DGM'lerin isimlerinin değiştirildiğini ve özel yetkili olan bu mahkemelerin örneği görülmeyen kararlar aldığını kaydeden Baykal, Ergenekon davasına bakan nöbetçi hakimin "üzerimde kurumsal baskı var" dediğini de anımsattı. Baykal, "Bundan sonra o mahkemelerde ya da benzer başka mahkemelerde işlemiyor, işlemeyecek. O kurumsal baskı sadece o hakime mi yapıldı. O hakime kurumsal baskı geliyorsa başka hakime gelemez mi? Sivil mahkeme işte. Öyle bir askeri mahkeme olur ki; kendi komutanını mahkum eder, öyle bir sivil mahkeme olur ki; kurumsal baskı altında ezilir perişan olur. Olayın neden bu taraflarına bakmıyoruz da sivil-asker diye kaba tartışmalara giriyoruz. Neden gizli gizli aldatarak sonuç almaya çalışıyorsunuz. Nitelikli dolandırıcılık vardı Almanya'da, şimdi nitelikli yalancılık yaparak sonuç almaya çalışıyorlar" diye konuştu.


"Senin güvensizliğin askere mi?"

İktidarın, Türkiye'de yargı kurumunun içini boşaltmayı "demokrasi görevi" olarak gördüğünü söyleyen Baykal, "O mahkemelerin zaafları olabilir, sivil mahkemelerin de olabilir. O zaaflar üzerinde durulsun. Bir genel düzenleme yapmakla yetinmiyor, bir madde ile 'şu anda yürütülmekte olan soruşturmalarda da bu ilke uygulanır' diyorsanız; Türkiye'de aklı başında herkes 'bu falan davayı kendi ellerine almak' der. Geçici maddeyi koymuşlar, soruşturma, kovuşturma aşması da buna tabi olarak girer diyor. Bu madde, askeri yargının hangi şartları işleyeceğine ayrıntılı bir şekilde ortaya koydu. Bu önerge ile getirilen düzenleme anayasal düzenlemenin tamamen dışında. Bir önerge ile 4 dakika içinde kimse konuşmadan, kimse bilgi sahibi olmadan, karambol içinde boşlukta kalacak. Olayın bir tarafı bu. Bu heyecanınız nerden kanyaklı" dedi. İktidarın askeri yargının alacağı kararlarla ilgili bir tereddüttü neden taşıdığının da sorgulanması gerektiğini vurgulayan Baykal, "O tereddüt, askeri mahkemeye mi yöneliktir, yoksa askeri mahkemenin ötesinde bu askeri mahkemeye yansıdığını düşündüğün bir anlayışla hesaplaşmak mı istiyorsunuz. Ne adına hesaplaşmak istiyorsunuz? 'Kurumlar arası tam güven vardır' diyor. Peki kardeşim ne uğraşıyorsun o zaman gece yarısı kanunları ile yıllardan beri askeri yargı içinde olan somut konuları, onların elinden kapıp kendi eline almak isteyişinin anlamı ne. Senin askeri yargıya, TSK'ye güvenin var mı, yok mu" dedi.

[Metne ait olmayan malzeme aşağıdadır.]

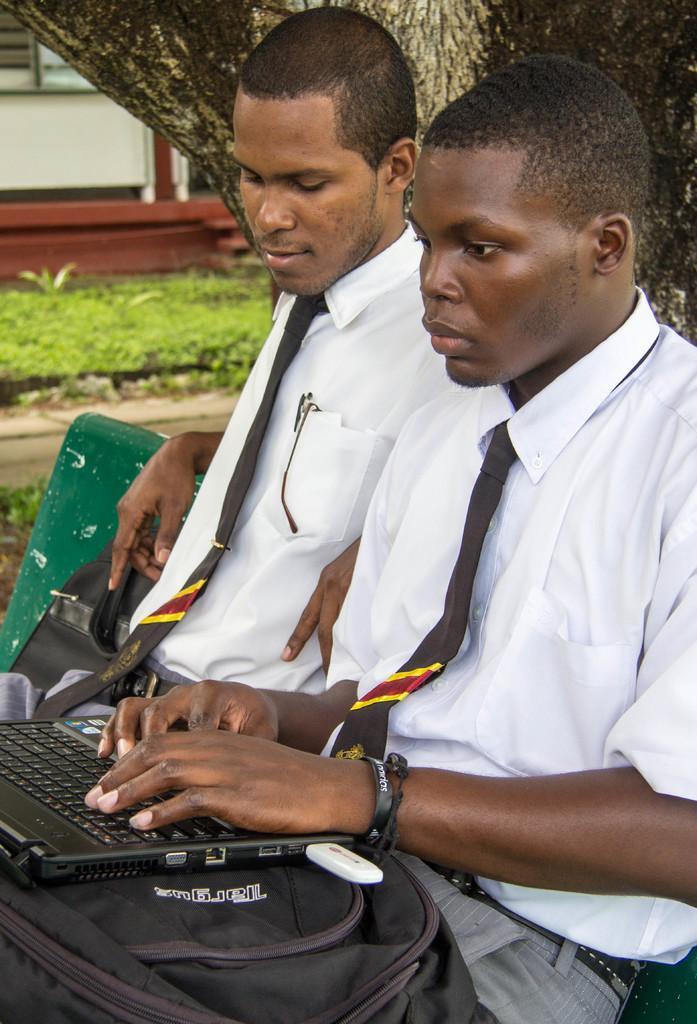Can you describe this image briefly? In this image I can see 2 people sitting, wearing white shirts and black ties. The person at the front is operating a laptop and there are bags. There is a tree trunk, grass and a building at the back. 
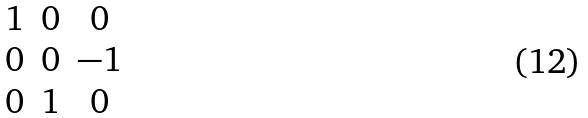Convert formula to latex. <formula><loc_0><loc_0><loc_500><loc_500>\begin{matrix} 1 & 0 & 0 \\ 0 & 0 & - 1 \\ 0 & 1 & 0 \\ \end{matrix}</formula> 
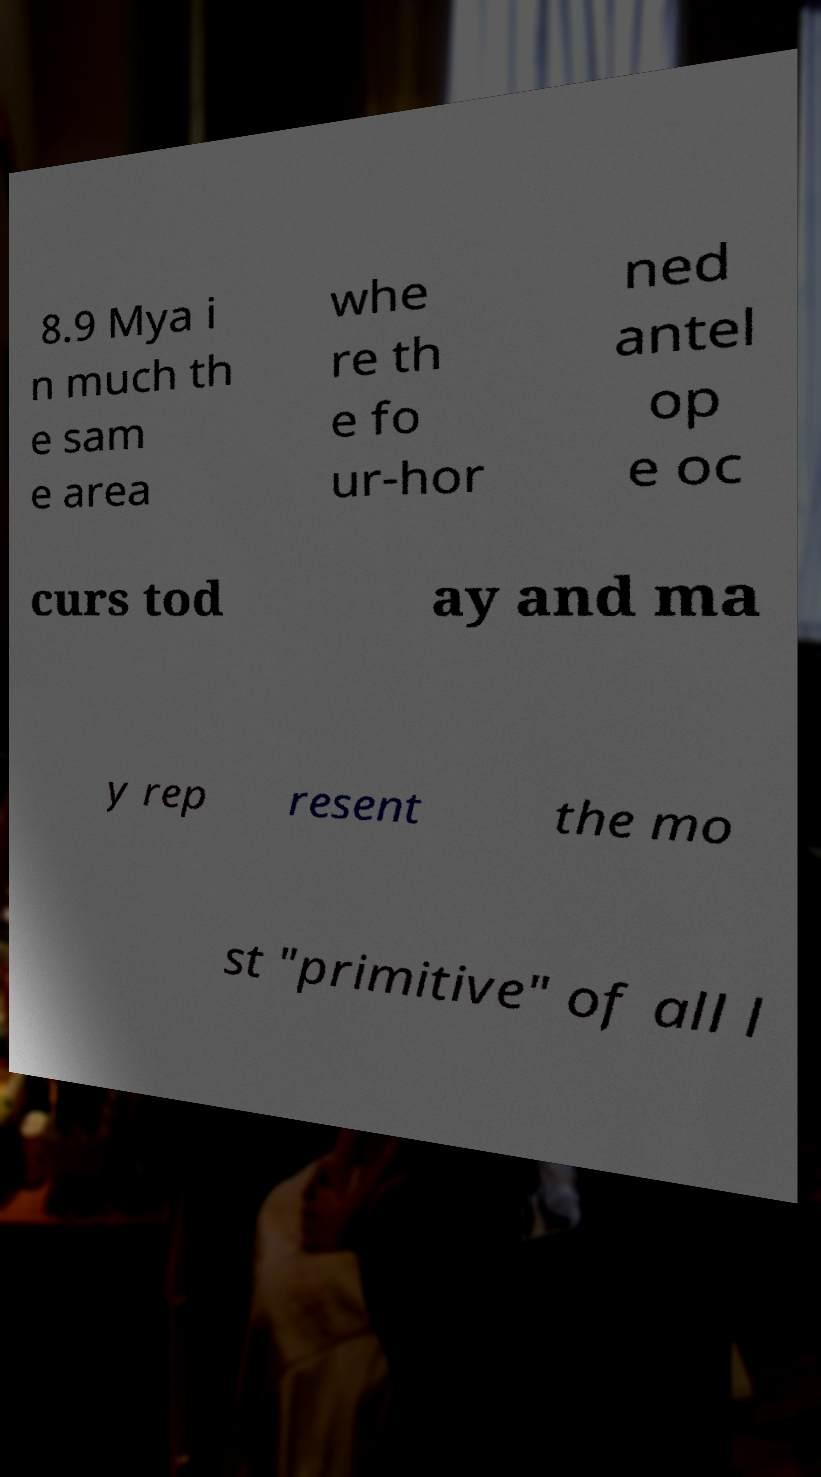What messages or text are displayed in this image? I need them in a readable, typed format. 8.9 Mya i n much th e sam e area whe re th e fo ur-hor ned antel op e oc curs tod ay and ma y rep resent the mo st "primitive" of all l 
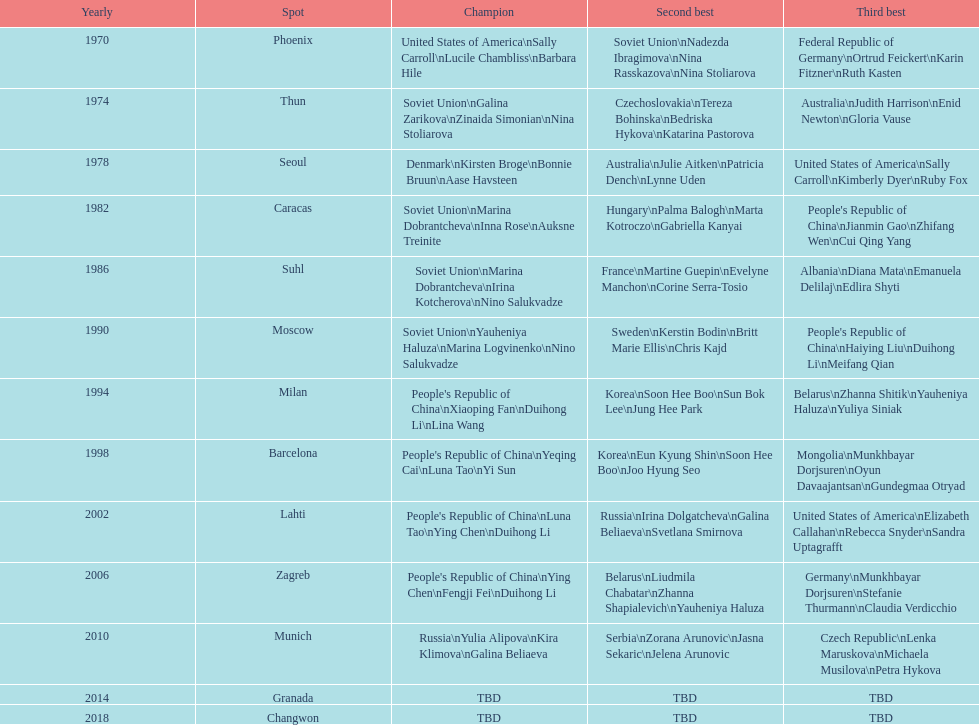Whose name is listed before bonnie bruun's in the gold column? Kirsten Broge. 
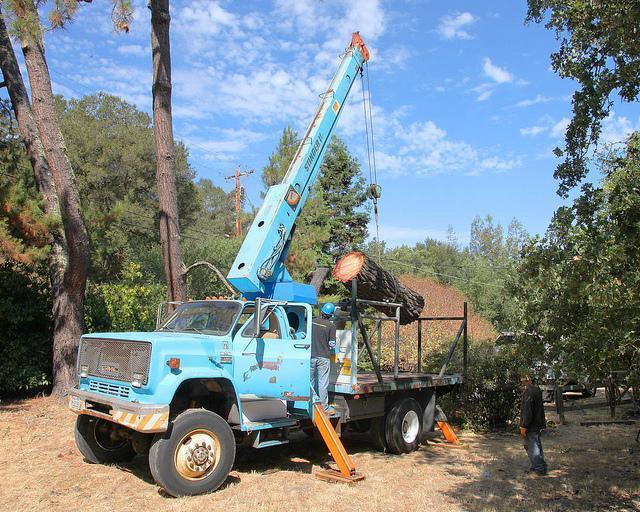How many elephants are standing on two legs?
Give a very brief answer. 0. 
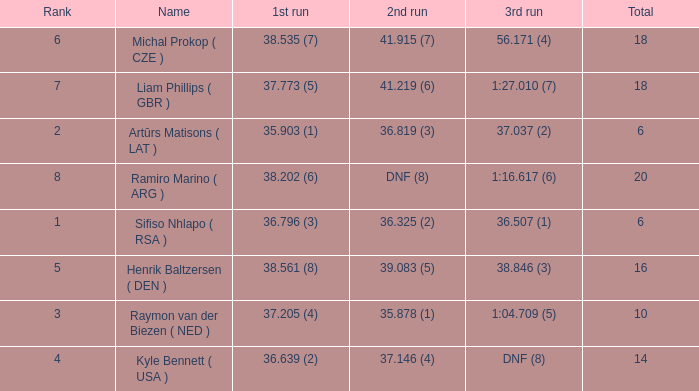Which average rank has a total of 16? 5.0.

"Halkımız siyasetçinin askere karışmasından hoşlanmaz"

AKP'nin askere karıştığını ifade eden Baykal, "Halkımız, milletimiz; askerin siyasete bulaşmasından kesinlikle hoşlanmaz, ama bizim milletimiz; siyasetçinin de askerin işine karışmasını sevmez. Ama bakıyoruz siyasetçi askerine de işine, yargının da işine, medyaya da karışıyor. Darbe lafından geçilmiyor. Allah aşkına darbe ortamı var mı? En uzak ortam" diye konuştu. Darbenin şu anki dönemde söz konusu olmadığını kaydeden Baykal, iktidarın darbe sözünü istismar etmeye, darbe üzerinden siyaset yapmaya çalıştığının altını çizdi. Başbakanın "açık darbe edebiyatı" ile siyaset götürmeye çalıştığını savunan Baykal, "Herkesi darbeci ilan ediyorlar. Dışardan darbecileri saydılar şimdi içerdekilere geldi. Bunları da kendileri tayin ediyorlar. Bu Türkiye'ye yarar getirmez, iktidarın bu anlayışı hızla bırakması lazım. Hiçbir somut olay olmadığı halde iktidar tedirgin, kuşkulu ve devletin kurumlarını sürekli olarak rahatsız eden tavır içinde. Yargıyı çok tehlikeli biçimde tartışma konusu yapıyor. Yargıda yaşanan olaylar acı olaylardır. Şimdi, iş oradan farklı zeminlere çekilmeye başlandı. Bu iktidara da, Türkiye'ye de yarar getirmeyecek tablodur" diye konuştu.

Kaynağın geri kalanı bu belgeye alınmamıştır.